[Records from a data source]
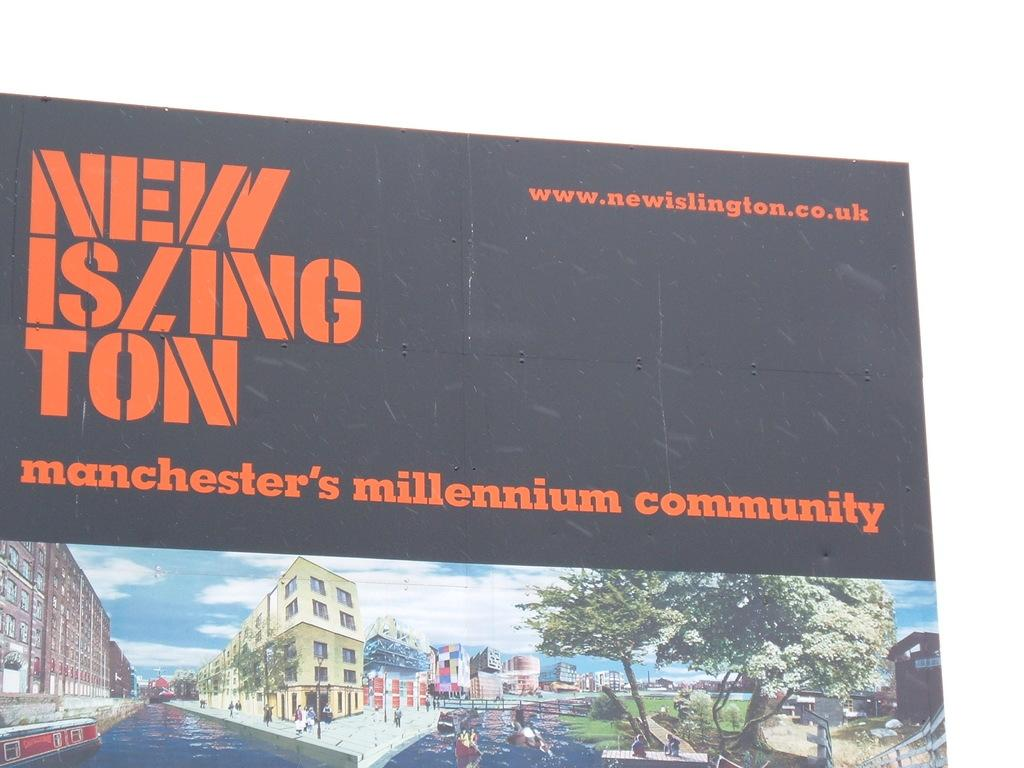Provide a one-sentence caption for the provided image. A black sign advertises Manchester's millenium community in orange text. 
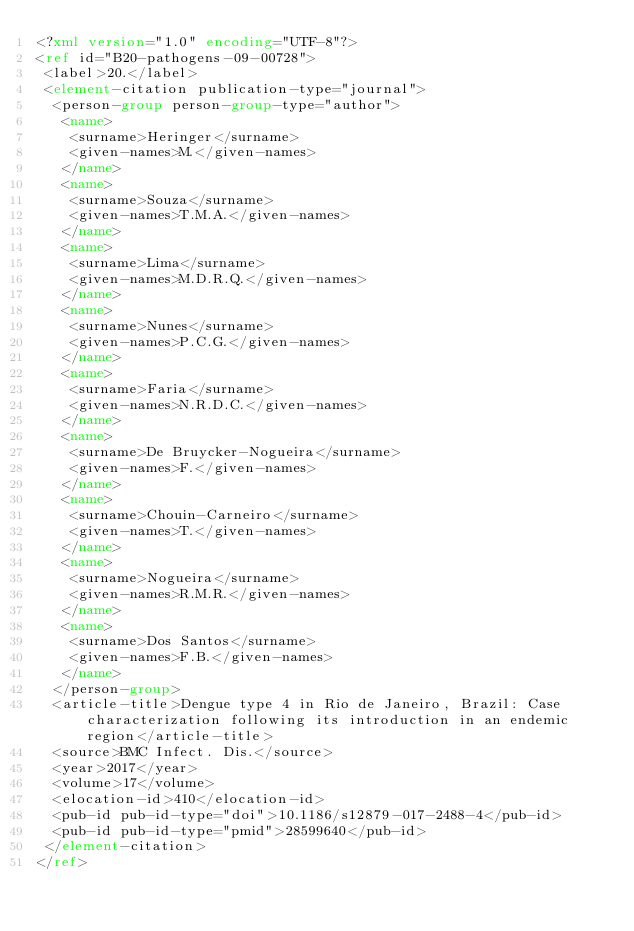<code> <loc_0><loc_0><loc_500><loc_500><_XML_><?xml version="1.0" encoding="UTF-8"?>
<ref id="B20-pathogens-09-00728">
 <label>20.</label>
 <element-citation publication-type="journal">
  <person-group person-group-type="author">
   <name>
    <surname>Heringer</surname>
    <given-names>M.</given-names>
   </name>
   <name>
    <surname>Souza</surname>
    <given-names>T.M.A.</given-names>
   </name>
   <name>
    <surname>Lima</surname>
    <given-names>M.D.R.Q.</given-names>
   </name>
   <name>
    <surname>Nunes</surname>
    <given-names>P.C.G.</given-names>
   </name>
   <name>
    <surname>Faria</surname>
    <given-names>N.R.D.C.</given-names>
   </name>
   <name>
    <surname>De Bruycker-Nogueira</surname>
    <given-names>F.</given-names>
   </name>
   <name>
    <surname>Chouin-Carneiro</surname>
    <given-names>T.</given-names>
   </name>
   <name>
    <surname>Nogueira</surname>
    <given-names>R.M.R.</given-names>
   </name>
   <name>
    <surname>Dos Santos</surname>
    <given-names>F.B.</given-names>
   </name>
  </person-group>
  <article-title>Dengue type 4 in Rio de Janeiro, Brazil: Case characterization following its introduction in an endemic region</article-title>
  <source>BMC Infect. Dis.</source>
  <year>2017</year>
  <volume>17</volume>
  <elocation-id>410</elocation-id>
  <pub-id pub-id-type="doi">10.1186/s12879-017-2488-4</pub-id>
  <pub-id pub-id-type="pmid">28599640</pub-id>
 </element-citation>
</ref>
</code> 
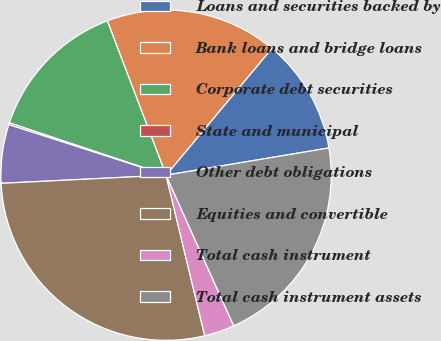Convert chart. <chart><loc_0><loc_0><loc_500><loc_500><pie_chart><fcel>Loans and securities backed by<fcel>Bank loans and bridge loans<fcel>Corporate debt securities<fcel>State and municipal<fcel>Other debt obligations<fcel>Equities and convertible<fcel>Total cash instrument<fcel>Total cash instrument assets<nl><fcel>11.3%<fcel>16.86%<fcel>14.08%<fcel>0.18%<fcel>5.74%<fcel>27.98%<fcel>2.96%<fcel>20.92%<nl></chart> 
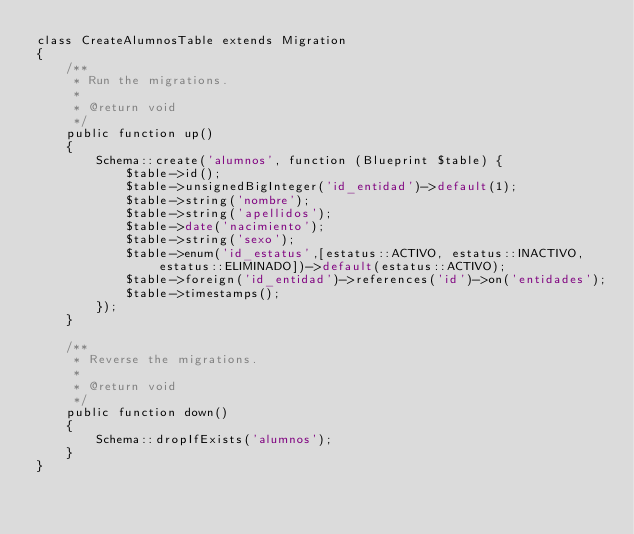<code> <loc_0><loc_0><loc_500><loc_500><_PHP_>class CreateAlumnosTable extends Migration
{
    /**
     * Run the migrations.
     *
     * @return void
     */
    public function up()
    {
        Schema::create('alumnos', function (Blueprint $table) {
            $table->id();
            $table->unsignedBigInteger('id_entidad')->default(1);
            $table->string('nombre');
            $table->string('apellidos');
            $table->date('nacimiento');
            $table->string('sexo');
            $table->enum('id_estatus',[estatus::ACTIVO, estatus::INACTIVO, estatus::ELIMINADO])->default(estatus::ACTIVO);
            $table->foreign('id_entidad')->references('id')->on('entidades');
            $table->timestamps();
        });
    }

    /**
     * Reverse the migrations.
     *
     * @return void
     */
    public function down()
    {
        Schema::dropIfExists('alumnos');
    }
}
</code> 
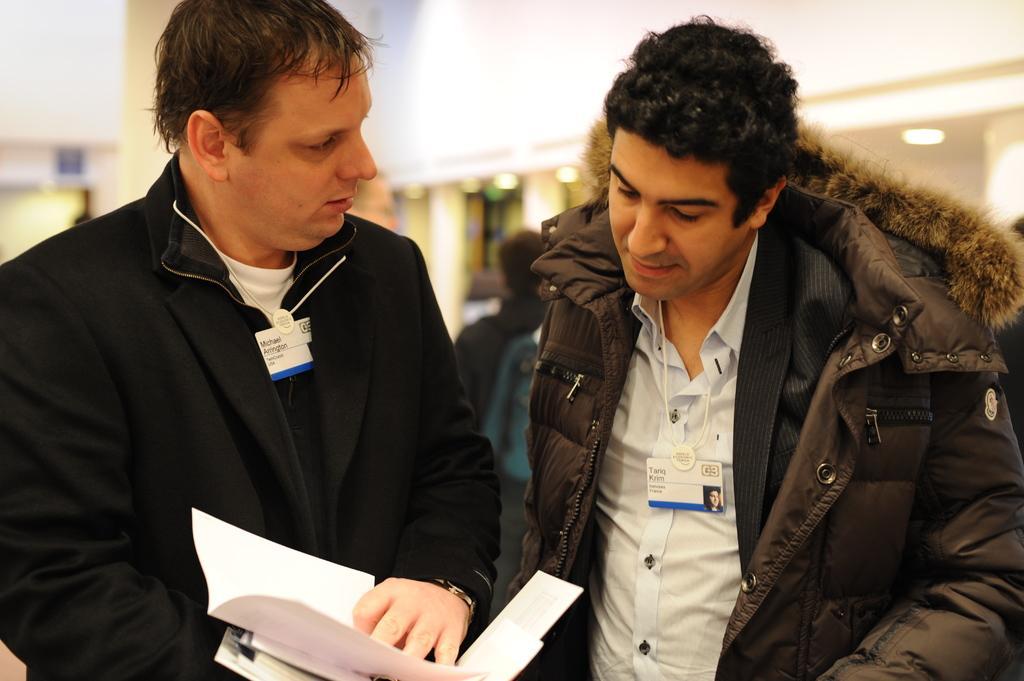How would you summarize this image in a sentence or two? 2 people are standing. The person at the left is holding papers. They are wearing id cards. The background is blurred. 
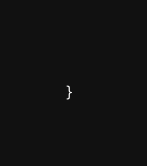<code> <loc_0><loc_0><loc_500><loc_500><_TypeScript_>	
}</code> 
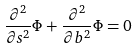Convert formula to latex. <formula><loc_0><loc_0><loc_500><loc_500>\frac { { \partial } ^ { 2 } } { { \partial } s ^ { 2 } } { \Phi } + \frac { { \partial } ^ { 2 } } { { \partial } b ^ { 2 } } { \Phi } = 0</formula> 
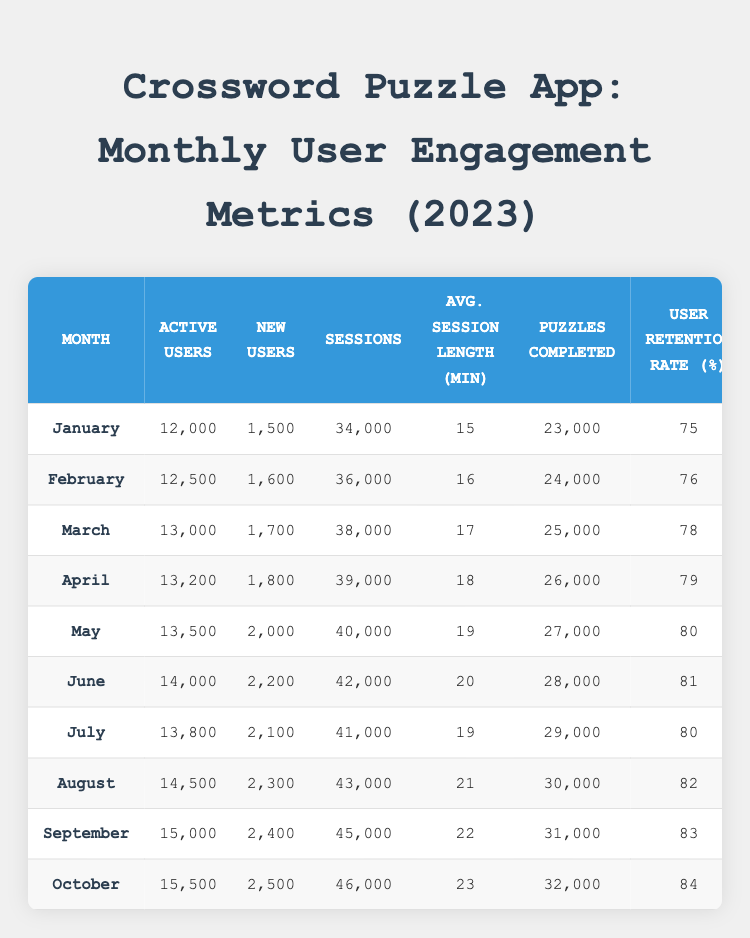What was the total number of new users in June and July 2023? Looking at the table, the number of new users in June 2023 is 2200, and in July 2023 is 2100. Adding these together gives us 2200 + 2100 = 4300.
Answer: 4300 What was the average user retention rate over the 10 months? The user retention rates for each month are: 75, 76, 78, 79, 80, 81, 80, 82, 83, 84. Adding these values gives 75 + 76 + 78 + 79 + 80 + 81 + 80 + 82 + 83 + 84 = 804. There are 10 months, so the average retention rate is 804/10 = 80.4.
Answer: 80.4 In which month were the active users at their highest? The table shows that active users peaked in October 2023 with 15500 users, which is the highest value listed among all months.
Answer: October 2023 Is the average session length longer in August than in July? In the table, the average session length for August is 21 minutes, while for July it is 19 minutes. Since 21 is greater than 19, the statement is true.
Answer: Yes What is the total number of puzzles completed from January to March 2023? The puzzles completed in January, February, and March are: 23000, 24000, and 25000 respectively. Adding these gives 23000 + 24000 + 25000 = 72000.
Answer: 72000 What was the difference in active users between January and February 2023? The active users in January 2023 are 12000, and in February 2023, they are 12500. The difference is calculated as 12500 - 12000 = 500.
Answer: 500 How many sessions were there in total from May to October 2023? The sessions data for May to October are: 40000, 41000, 42000, 43000, 44000, and 46000. Adding these gives a total of 40000 + 41000 + 42000 + 43000 + 44000 + 46000 = 256000.
Answer: 256000 In which month was the user retention rate the lowest? Referring to the table, the user retention rate was lowest in January at 75%, making it the month with the lowest retention rate.
Answer: January 2023 What is the increase in average session length from January to October 2023? The average session length in January is 15 minutes and in October is 23 minutes. The increase is calculated as 23 - 15 = 8 minutes.
Answer: 8 minutes 
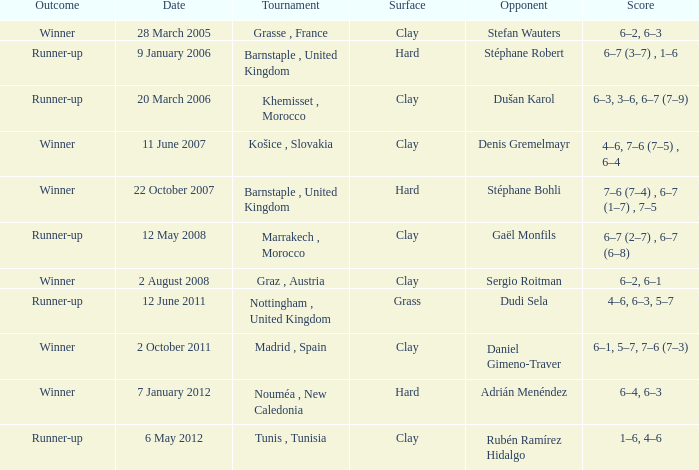What is the score on 2 October 2011? 6–1, 5–7, 7–6 (7–3).

#### [Exercise objective]
Whenever a line in the records contains the word "group", copy that line.

#### [Result of the exercise]
  <person-group person-group-type="author">
  </person-group>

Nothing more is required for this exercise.